In this review, we discuss cell delivery to tissue sites exploiting ‘cell sheet technology’ allowing local cell transplantation with thermo-responsive cell cultureware that allows confluently cultured cells to yield readily harvested three-dimensional (3D) tissue-like sheet structures. Sheets are harvested with minor temperature reduction to below 32°C from 37°C (i.e. that of a normal cell culture incubator) (Figure 1). Cell sheets retain endogenous cell matrix and membrane proteins and enhance healthy cultured cell yields for immediate use as engineered patches [11,12]. This enables direct cell sheet transplantation onto target tissues without supporting scaffolds or suturing [13,14]. Decades of investigations developing cell sheet technology reveal that scaffold-free cell sheets exhibit both safety and efficacy in treating seven different organs using autologous cell sources in clinical settings: cornea, esophagus, heart, lung, middle ear, periodontal membrane, and cartilage regeneration [15–21]. Moreover, recent reports describing use of allogeneic cell sheet technology suggest a high potential for clinical utility, especially with MSCs isolated from adipose tissue, bone marrow, periodontal membrane, and cartilage [22–25]. This review discusses the advantages of combining cell sheet technology and MSCs; effective cell sourcing, expansion and cell delivery using cell sheets engineered from MCSs, and resulting numerous attractive features and reliable outcomes in preclinical and clinical studies. MSC sheet technology will offer new opportunities for diverse disease treatments in the near future. Furthermore, we discuss the scaling and economic benefits of forthcoming allogeneic MSC sheet-based regenerative therapies.

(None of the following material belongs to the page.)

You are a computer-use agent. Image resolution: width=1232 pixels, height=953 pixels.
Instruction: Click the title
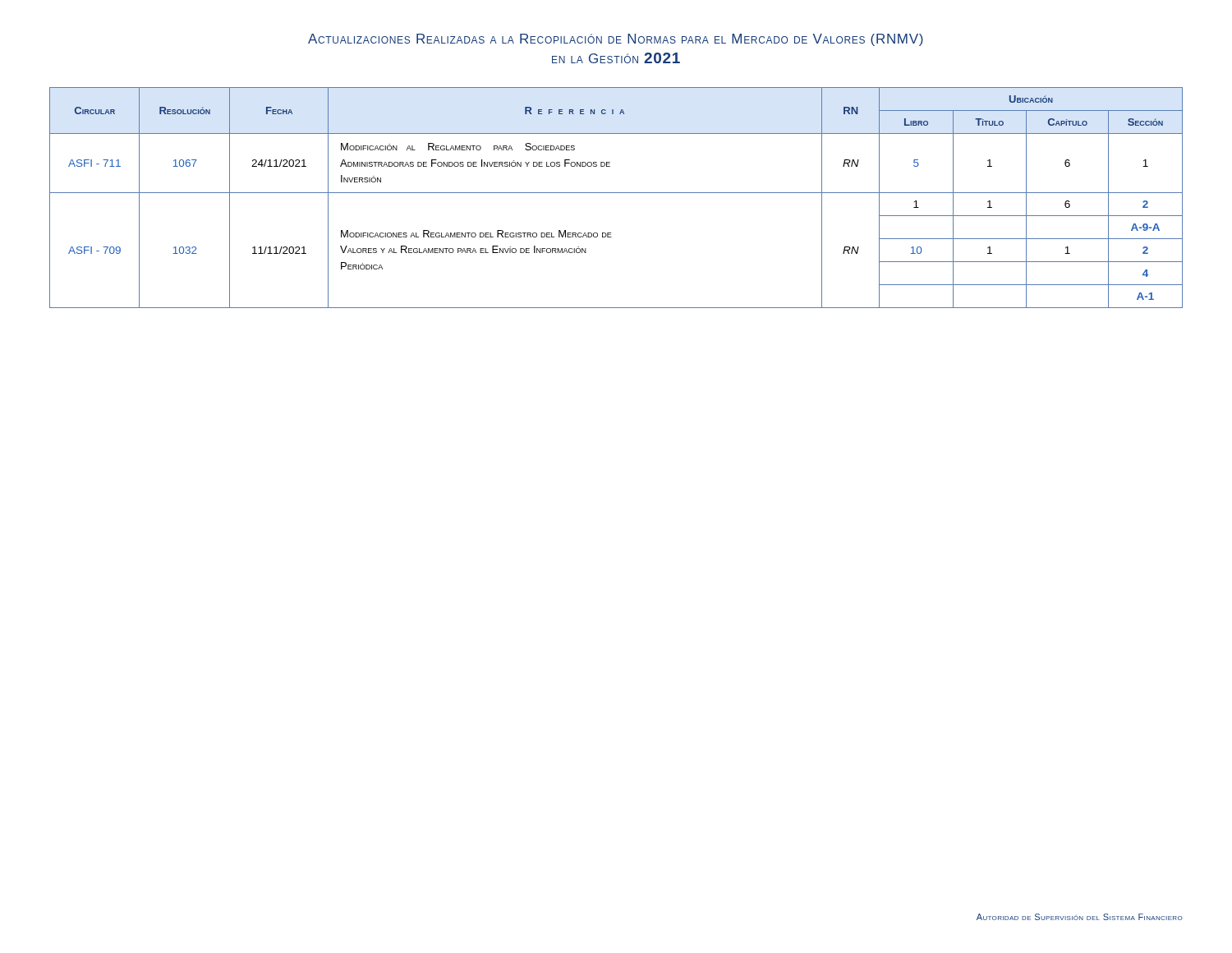click(x=616, y=49)

Cell sheet technology using TRCDs.
Allogeneic cell sourcing: MSCs with high proliferative capacity enabling sustainable cell banking for off-the-shelf sourcing as therapy
Clinically feasible cell-based regenerative therapies rely on consistent, available and potent cell sources. Several clinical trials of ES cells have been conducted, followed by recent iPS cell-based early-stage clinical trials [26–29]. Nonetheless, the crucial hurdles for commercialization of pluripotent stem cells, including costs of long-term cell culture, must be cleared [30] and reliable methods for tumorigenic cell elimination must be established and validated [31]. On the other hand, somatic stem/progenitor cells isolated from various tissues are valuable to replenish deficient host cells to restore homeostasis [32] by exploiting their lower possibilities of tumorigenicity compared with pluripotent stem cells [33,34]. Autologous somatic cell sourcing is an advantage when cells must avoid host immune rejection for stable cell engraftment and retention [35]. However, autologous cell therapy usually requires multi-stage surgeries for obtaining patients’ own cells, expanding them ex situ, and transplanting the harvested cells back to targeted tissue sites. Additionally, variability due to patient individual difference is a major obstacle for product quality control and reliability [36–39].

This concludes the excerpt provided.